Calcium/calmodulin dependent kinase II (CaMKII) is widely expressed and activation of CaMKII plays a fundamental role in several cellular processes ranging from proper cell division and carbohydrate metabolism to synaptic plasticity and learning and memory (see Lisman et al., 2002 and Colomer and Means, 2007). The long-term goal of this research is to investigate the role of novel phenomenon called locally-induced propagating synaptic (L-IPS) translocation of calcium/calmodulin kinase II (CaMKII). This heterosynaptic process can be described as a slow, wave-like propagation of synaptic CaMKII accumulation that stems from localized application of glutamate and glycine to a small portion of dendrite, activating a subset of contiguous synapses. Within 10 minutes after this stimulation, CaMKII accumulates at synapses not only at the stimulation site but at synapses throughout the dendritic arbor. This process relies on NMDA receptor activation, L-type Ca2+ channels and results in an increase of expression of the AMPA-type glutamate receptor subunit GluR1 at synapses (~18% above baseline).
Specific aims i nclude: determining if heterosynaptic plasticity induced by synaptic accumulation following L-IPS translocation occludes long-term potentiation (LTP;a well-characterized proposed mechanism of synaptic plasticity). As well, investigation into expression levels of other synaptic proteins (e.g., GluR2, and NMDA receptor subunits) following L-IPS translocation of CaMKII will be conducted. The current research proposes studies to confirm stability and reversibility of synaptic CaMKII accumulation resulting from L-IPS translocation. Finally, changes in spine morphology will also be examined both during and at periods after L-IPS translocation of CaMKII. Live-cell imaging of reporter constructs expressed in dissociated hippocampal cell culture will be the predominate method employed to investigate these questions addressing the neuronal function of L-IPS translocation of CaMKII. The finding that local stimulation of a small dendrite area results in synaptic accumulation of CaMKII at non-stimulated synapses throughout the dendritic arbor alludes to a novel property of plasticity and intracellular signaling;thus, functional characterization of this process needs to be conducted. Several diseases implicate a role for CaMKII including Alzheimer's disease, epilepsy, Parkinson's disease and cell loss due to ischemia. Uncovering the role of this heterosynaptic phenomenon could elucidate further the dynamics of cell-wide CaMKII activation and provide possible avenues of discovery into the mechanisms of some of these disorders.
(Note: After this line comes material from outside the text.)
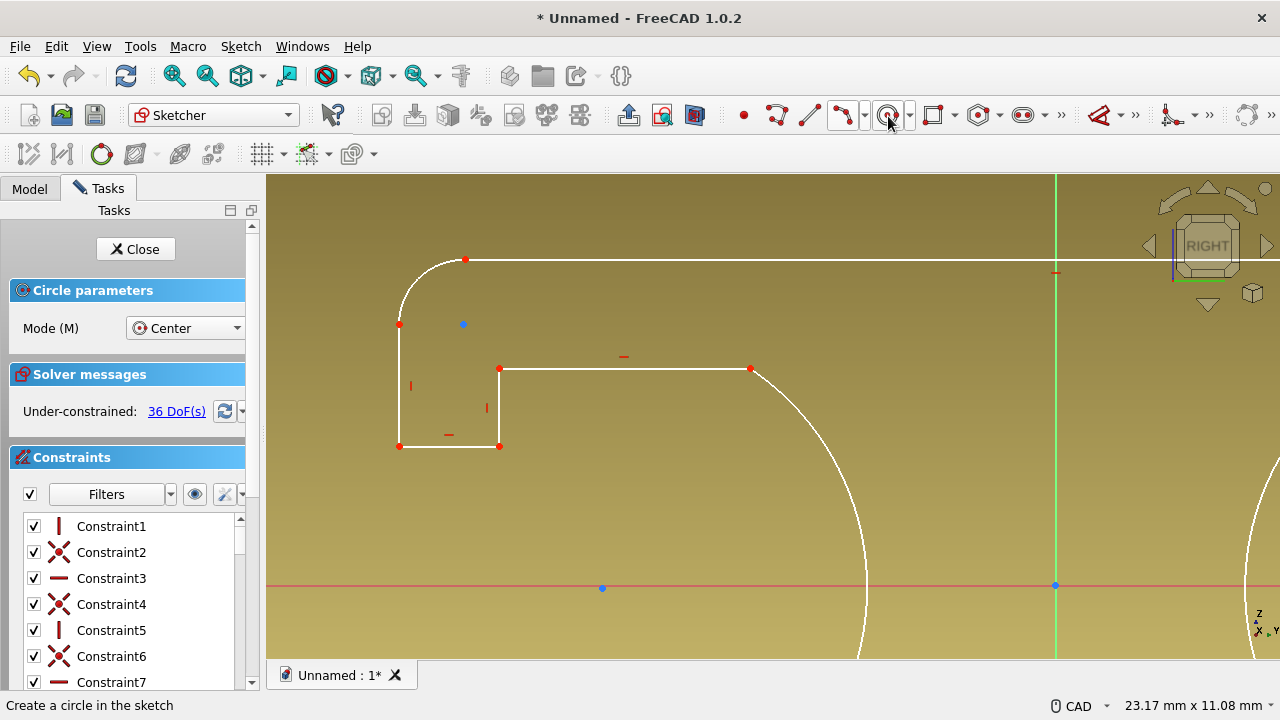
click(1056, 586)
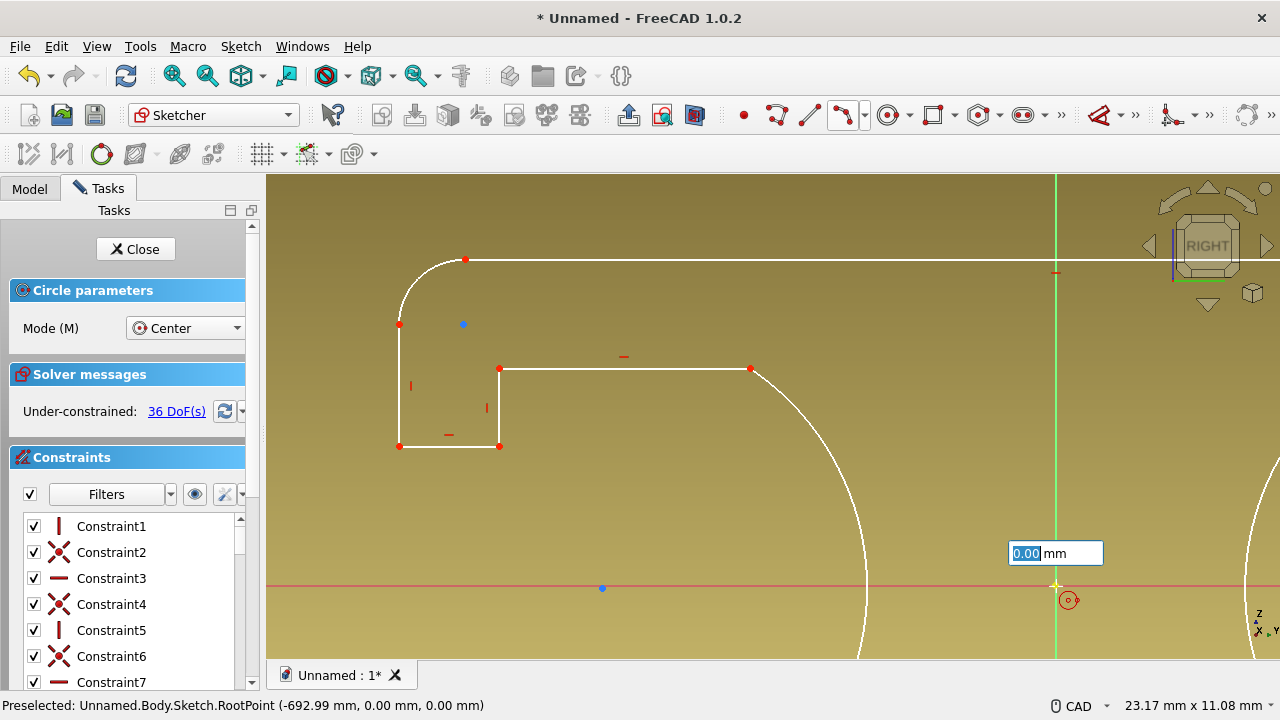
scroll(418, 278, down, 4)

Calcium/calmodulin dependent kinase II (CaMKII) migrates to synapses throughout a neuron following stimulation of a small segment of dendrite. This locally-induced propagating synaptic (L-IPS) translocation of CaMKII requires further functional characterization to determine its role in neuron function. As CaMKII activation is involved in several physiological processes, ranging from myocardial contraction to synaptic plasticity, as well as neurological disorders like Alzheimer's, epilepsy and cell death due to stroke/ischemia, it is of interest to uncover why CaMKII signals activity from one local site to all the synapses of a neuron.